De acordo com o porta-voz da pesquisa e especialista em LGPD, André Cilurzo, as empresas precisam acelerar o processo de adequação. “Existia uma expectativa grande de a lei ser postergada, mas houve uma reviravolta. Agora, não dá mais para adiar as medidas”, destaca. Ele pontua passos para melhor se adaptar. “Tem de entender como tratar os dados e abrir um canal de atendimento com o titular desses dados, assim como já existe para o consumidor”, diz.
Anos-luz
Enquanto a maior parte das empresas posterga a adequação, as companhias que têm a tecnologia no seu DNA estão anos-luz à frente.

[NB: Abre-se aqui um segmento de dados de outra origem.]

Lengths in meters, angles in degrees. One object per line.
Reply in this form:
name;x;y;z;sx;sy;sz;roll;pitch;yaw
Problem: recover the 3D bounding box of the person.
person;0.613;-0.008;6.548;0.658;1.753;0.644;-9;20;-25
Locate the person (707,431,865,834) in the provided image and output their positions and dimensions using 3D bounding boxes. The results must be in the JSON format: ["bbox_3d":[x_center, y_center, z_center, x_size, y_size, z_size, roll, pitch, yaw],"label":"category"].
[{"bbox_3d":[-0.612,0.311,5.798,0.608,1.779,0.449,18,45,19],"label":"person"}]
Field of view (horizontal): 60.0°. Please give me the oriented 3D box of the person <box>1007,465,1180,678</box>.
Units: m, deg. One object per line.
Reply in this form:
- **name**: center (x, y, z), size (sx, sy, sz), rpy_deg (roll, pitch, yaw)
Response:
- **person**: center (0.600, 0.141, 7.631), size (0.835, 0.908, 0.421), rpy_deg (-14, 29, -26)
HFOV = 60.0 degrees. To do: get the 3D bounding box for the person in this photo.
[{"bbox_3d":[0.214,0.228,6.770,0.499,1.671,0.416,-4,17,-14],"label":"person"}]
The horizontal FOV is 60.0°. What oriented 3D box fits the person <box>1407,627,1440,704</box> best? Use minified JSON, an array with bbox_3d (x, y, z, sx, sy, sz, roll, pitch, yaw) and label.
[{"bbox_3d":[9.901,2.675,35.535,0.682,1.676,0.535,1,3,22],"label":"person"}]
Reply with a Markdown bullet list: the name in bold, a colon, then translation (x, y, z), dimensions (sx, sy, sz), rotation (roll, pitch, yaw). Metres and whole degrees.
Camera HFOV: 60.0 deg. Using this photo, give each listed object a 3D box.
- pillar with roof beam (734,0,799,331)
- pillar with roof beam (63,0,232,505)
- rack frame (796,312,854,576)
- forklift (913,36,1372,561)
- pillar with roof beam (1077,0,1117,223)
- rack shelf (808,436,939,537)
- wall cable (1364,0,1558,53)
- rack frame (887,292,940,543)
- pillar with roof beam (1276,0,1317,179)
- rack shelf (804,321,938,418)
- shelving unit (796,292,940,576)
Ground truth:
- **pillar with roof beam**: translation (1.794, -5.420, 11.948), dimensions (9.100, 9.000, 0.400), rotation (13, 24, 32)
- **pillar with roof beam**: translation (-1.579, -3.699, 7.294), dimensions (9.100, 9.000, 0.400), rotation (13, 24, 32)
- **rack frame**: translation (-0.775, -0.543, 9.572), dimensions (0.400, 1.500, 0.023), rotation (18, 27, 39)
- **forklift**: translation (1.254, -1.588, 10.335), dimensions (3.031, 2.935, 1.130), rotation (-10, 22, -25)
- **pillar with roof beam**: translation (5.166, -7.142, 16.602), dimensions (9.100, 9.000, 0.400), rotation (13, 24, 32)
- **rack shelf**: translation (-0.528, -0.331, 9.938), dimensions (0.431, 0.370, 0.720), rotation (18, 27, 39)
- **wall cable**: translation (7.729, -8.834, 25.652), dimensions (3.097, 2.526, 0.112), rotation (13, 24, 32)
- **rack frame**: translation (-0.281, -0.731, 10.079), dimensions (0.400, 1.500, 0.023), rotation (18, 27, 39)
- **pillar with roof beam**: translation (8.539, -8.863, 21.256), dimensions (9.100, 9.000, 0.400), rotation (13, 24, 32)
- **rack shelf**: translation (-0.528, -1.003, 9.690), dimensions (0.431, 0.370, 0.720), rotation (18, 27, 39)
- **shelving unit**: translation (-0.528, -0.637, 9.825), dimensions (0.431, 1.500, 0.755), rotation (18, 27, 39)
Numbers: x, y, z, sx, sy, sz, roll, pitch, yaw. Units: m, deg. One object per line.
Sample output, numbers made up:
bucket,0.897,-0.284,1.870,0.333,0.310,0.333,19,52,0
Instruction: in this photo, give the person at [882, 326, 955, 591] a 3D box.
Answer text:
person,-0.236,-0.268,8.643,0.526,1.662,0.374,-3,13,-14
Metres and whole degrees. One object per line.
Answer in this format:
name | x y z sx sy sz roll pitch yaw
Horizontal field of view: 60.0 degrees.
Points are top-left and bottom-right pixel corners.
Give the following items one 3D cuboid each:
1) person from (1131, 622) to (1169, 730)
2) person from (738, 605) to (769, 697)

A Locaweb, empresa de soluções para transformação digital, começou o processo no início de 2019. Aline Goldstejn, gerente jurídica da empresa, conta que a estratégia partiu de uma conversa com o time de todas as empresas do grupo para identificar onde haveria tratamento de dados e eventuais falhas. “Reforçamos medidas de segurança, com criptografia de dados, melhoramos a política de privacidade, abrimos um canal de comunicação, com perguntas e respostas, e vamos lançar uma cartilha de boas práticas.” (SK)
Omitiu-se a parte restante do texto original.